### THE PROBLEM
Find and copy the lines in the records beneath this task that contain the word "closed".

### MATERIAL PROVIDED
:::::
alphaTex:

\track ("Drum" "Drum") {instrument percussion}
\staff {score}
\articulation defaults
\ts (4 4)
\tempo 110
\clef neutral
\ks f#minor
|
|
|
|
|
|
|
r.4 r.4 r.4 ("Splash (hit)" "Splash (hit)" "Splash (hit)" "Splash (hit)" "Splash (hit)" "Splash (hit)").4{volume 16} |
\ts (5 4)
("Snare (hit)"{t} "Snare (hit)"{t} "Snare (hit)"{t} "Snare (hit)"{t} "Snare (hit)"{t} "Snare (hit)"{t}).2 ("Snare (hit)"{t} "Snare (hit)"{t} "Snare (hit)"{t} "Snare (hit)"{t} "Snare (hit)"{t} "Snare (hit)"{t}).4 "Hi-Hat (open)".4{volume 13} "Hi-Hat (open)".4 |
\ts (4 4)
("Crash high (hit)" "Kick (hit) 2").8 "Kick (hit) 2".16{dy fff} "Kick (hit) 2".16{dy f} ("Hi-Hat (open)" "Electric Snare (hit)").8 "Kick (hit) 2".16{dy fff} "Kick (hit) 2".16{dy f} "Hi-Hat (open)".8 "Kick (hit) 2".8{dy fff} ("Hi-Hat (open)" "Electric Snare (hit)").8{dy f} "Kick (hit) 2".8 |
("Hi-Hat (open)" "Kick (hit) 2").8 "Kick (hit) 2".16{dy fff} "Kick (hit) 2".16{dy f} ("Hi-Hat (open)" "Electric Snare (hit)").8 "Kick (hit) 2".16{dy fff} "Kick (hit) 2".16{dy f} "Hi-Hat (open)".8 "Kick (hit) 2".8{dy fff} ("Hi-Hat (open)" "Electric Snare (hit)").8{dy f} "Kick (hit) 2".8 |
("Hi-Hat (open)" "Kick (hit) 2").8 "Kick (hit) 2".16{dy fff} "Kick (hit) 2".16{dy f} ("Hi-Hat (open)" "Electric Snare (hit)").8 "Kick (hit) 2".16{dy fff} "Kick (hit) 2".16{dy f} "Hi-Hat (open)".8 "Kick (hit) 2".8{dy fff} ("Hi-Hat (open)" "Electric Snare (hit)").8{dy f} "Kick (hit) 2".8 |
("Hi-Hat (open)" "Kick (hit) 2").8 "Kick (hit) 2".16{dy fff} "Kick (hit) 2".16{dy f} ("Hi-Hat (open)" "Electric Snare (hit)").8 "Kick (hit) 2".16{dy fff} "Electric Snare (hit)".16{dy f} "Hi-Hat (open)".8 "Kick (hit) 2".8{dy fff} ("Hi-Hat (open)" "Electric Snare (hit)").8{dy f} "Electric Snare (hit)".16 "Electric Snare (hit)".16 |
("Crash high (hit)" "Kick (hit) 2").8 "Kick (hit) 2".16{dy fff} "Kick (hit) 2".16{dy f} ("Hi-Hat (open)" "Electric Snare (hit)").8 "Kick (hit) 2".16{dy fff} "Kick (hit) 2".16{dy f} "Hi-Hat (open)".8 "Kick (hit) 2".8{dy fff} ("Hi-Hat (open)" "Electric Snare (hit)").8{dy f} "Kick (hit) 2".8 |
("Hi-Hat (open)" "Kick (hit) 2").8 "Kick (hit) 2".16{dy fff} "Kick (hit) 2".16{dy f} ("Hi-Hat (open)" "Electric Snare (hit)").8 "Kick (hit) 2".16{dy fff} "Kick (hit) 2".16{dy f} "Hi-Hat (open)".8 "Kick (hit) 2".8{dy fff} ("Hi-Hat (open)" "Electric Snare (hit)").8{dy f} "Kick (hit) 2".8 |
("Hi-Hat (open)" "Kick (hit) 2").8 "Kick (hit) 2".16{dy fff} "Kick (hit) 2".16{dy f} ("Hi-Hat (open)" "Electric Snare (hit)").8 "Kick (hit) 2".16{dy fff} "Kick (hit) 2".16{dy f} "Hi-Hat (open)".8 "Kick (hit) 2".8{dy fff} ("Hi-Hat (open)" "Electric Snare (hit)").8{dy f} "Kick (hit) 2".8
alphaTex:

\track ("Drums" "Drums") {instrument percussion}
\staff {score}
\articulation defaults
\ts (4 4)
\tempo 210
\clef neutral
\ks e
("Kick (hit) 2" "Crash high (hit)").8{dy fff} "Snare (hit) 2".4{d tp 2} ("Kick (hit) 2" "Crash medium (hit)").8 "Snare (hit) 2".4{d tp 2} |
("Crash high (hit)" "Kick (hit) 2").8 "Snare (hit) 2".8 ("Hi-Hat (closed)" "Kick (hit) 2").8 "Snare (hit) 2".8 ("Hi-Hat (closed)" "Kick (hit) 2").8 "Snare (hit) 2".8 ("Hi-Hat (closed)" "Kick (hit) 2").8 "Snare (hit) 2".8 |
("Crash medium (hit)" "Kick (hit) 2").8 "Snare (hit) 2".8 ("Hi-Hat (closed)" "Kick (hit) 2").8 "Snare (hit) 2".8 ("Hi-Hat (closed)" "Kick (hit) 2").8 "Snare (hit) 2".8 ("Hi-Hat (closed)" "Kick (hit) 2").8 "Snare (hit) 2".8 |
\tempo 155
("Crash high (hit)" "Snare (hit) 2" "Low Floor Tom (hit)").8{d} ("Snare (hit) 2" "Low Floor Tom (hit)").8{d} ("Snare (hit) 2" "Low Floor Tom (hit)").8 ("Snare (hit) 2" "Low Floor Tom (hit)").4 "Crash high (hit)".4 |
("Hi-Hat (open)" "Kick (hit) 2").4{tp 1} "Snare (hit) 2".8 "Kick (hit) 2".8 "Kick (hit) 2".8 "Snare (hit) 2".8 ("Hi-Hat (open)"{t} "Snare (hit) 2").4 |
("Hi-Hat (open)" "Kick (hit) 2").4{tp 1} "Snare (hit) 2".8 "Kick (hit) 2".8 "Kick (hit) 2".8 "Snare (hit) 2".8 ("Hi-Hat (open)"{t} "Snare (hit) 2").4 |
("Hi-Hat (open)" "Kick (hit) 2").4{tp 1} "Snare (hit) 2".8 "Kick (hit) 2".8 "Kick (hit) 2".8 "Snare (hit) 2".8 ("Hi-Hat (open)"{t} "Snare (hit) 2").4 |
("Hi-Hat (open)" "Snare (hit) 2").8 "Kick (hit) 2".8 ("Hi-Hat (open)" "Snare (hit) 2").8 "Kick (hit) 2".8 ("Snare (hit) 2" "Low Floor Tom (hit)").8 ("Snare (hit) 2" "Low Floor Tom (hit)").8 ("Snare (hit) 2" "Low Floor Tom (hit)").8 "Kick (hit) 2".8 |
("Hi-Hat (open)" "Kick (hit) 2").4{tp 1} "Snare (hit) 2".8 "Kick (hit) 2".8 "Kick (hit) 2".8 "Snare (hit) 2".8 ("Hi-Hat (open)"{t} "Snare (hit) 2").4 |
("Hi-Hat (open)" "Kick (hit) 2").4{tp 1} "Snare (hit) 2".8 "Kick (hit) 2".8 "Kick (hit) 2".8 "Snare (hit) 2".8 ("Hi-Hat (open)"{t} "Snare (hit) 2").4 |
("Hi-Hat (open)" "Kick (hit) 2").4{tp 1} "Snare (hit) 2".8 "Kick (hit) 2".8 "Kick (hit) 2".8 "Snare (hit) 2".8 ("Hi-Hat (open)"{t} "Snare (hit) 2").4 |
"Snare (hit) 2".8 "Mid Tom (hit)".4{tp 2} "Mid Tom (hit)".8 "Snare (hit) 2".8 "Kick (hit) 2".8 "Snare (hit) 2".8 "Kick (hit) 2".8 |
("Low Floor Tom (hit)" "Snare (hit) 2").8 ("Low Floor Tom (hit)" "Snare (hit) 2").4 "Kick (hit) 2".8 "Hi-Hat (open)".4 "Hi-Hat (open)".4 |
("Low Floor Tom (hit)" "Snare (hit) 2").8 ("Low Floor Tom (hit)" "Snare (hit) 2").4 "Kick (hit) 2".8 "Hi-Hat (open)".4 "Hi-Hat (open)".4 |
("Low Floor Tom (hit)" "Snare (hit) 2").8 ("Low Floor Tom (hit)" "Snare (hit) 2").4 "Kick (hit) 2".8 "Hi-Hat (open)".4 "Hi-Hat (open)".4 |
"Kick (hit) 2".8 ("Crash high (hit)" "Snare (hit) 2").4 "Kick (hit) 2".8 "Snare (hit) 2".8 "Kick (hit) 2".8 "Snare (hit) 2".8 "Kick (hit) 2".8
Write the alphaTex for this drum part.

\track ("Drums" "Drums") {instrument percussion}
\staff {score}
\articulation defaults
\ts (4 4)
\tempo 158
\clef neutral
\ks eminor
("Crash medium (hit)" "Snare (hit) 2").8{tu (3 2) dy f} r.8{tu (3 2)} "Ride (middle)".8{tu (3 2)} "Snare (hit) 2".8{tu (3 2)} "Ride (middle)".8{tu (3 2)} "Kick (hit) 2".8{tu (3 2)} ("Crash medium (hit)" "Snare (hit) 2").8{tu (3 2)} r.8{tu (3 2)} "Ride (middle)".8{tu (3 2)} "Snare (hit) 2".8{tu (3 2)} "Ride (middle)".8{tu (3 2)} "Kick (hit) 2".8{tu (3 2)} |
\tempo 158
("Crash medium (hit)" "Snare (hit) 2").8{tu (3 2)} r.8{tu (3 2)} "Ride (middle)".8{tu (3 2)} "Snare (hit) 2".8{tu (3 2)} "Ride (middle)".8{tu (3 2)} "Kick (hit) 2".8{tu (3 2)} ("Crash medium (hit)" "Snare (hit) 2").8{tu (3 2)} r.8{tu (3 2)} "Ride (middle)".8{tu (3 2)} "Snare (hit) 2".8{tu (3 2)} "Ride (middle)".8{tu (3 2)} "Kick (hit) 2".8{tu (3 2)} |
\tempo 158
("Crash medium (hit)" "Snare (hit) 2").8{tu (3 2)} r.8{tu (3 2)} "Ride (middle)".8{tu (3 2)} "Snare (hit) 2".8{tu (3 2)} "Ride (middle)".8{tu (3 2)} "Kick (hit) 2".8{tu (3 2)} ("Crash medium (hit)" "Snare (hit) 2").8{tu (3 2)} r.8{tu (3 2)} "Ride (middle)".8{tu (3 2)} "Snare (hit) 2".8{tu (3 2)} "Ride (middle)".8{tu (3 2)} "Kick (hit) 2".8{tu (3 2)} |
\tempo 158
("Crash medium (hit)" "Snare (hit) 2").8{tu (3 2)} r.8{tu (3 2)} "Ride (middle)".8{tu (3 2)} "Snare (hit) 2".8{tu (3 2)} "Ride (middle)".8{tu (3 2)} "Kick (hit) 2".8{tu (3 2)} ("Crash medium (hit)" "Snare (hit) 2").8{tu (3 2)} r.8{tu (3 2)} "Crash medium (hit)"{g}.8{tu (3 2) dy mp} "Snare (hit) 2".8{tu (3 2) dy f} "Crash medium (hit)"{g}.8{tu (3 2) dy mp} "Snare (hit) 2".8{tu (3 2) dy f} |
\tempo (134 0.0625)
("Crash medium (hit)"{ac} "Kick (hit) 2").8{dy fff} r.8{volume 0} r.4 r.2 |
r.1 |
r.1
:::::
### WRITTEN RESPONSE
("Crash high (hit)" "Kick (hit) 2").8 "Snare (hit) 2".8 ("Hi-Hat (closed)" "Kick (hit) 2").8 "Snare (hit) 2".8 ("Hi-Hat (closed)" "Kick (hit) 2").8 "Snare (hit) 2".8 ("Hi-Hat (closed)" "Kick (hit) 2").8 "Snare (hit) 2".8 |
("Crash medium (hit)" "Kick (hit) 2").8 "Snare (hit) 2".8 ("Hi-Hat (closed)" "Kick (hit) 2").8 "Snare (hit) 2".8 ("Hi-Hat (closed)" "Kick (hit) 2").8 "Snare (hit) 2".8 ("Hi-Hat (closed)" "Kick (hit) 2").8 "Snare (hit) 2".8 |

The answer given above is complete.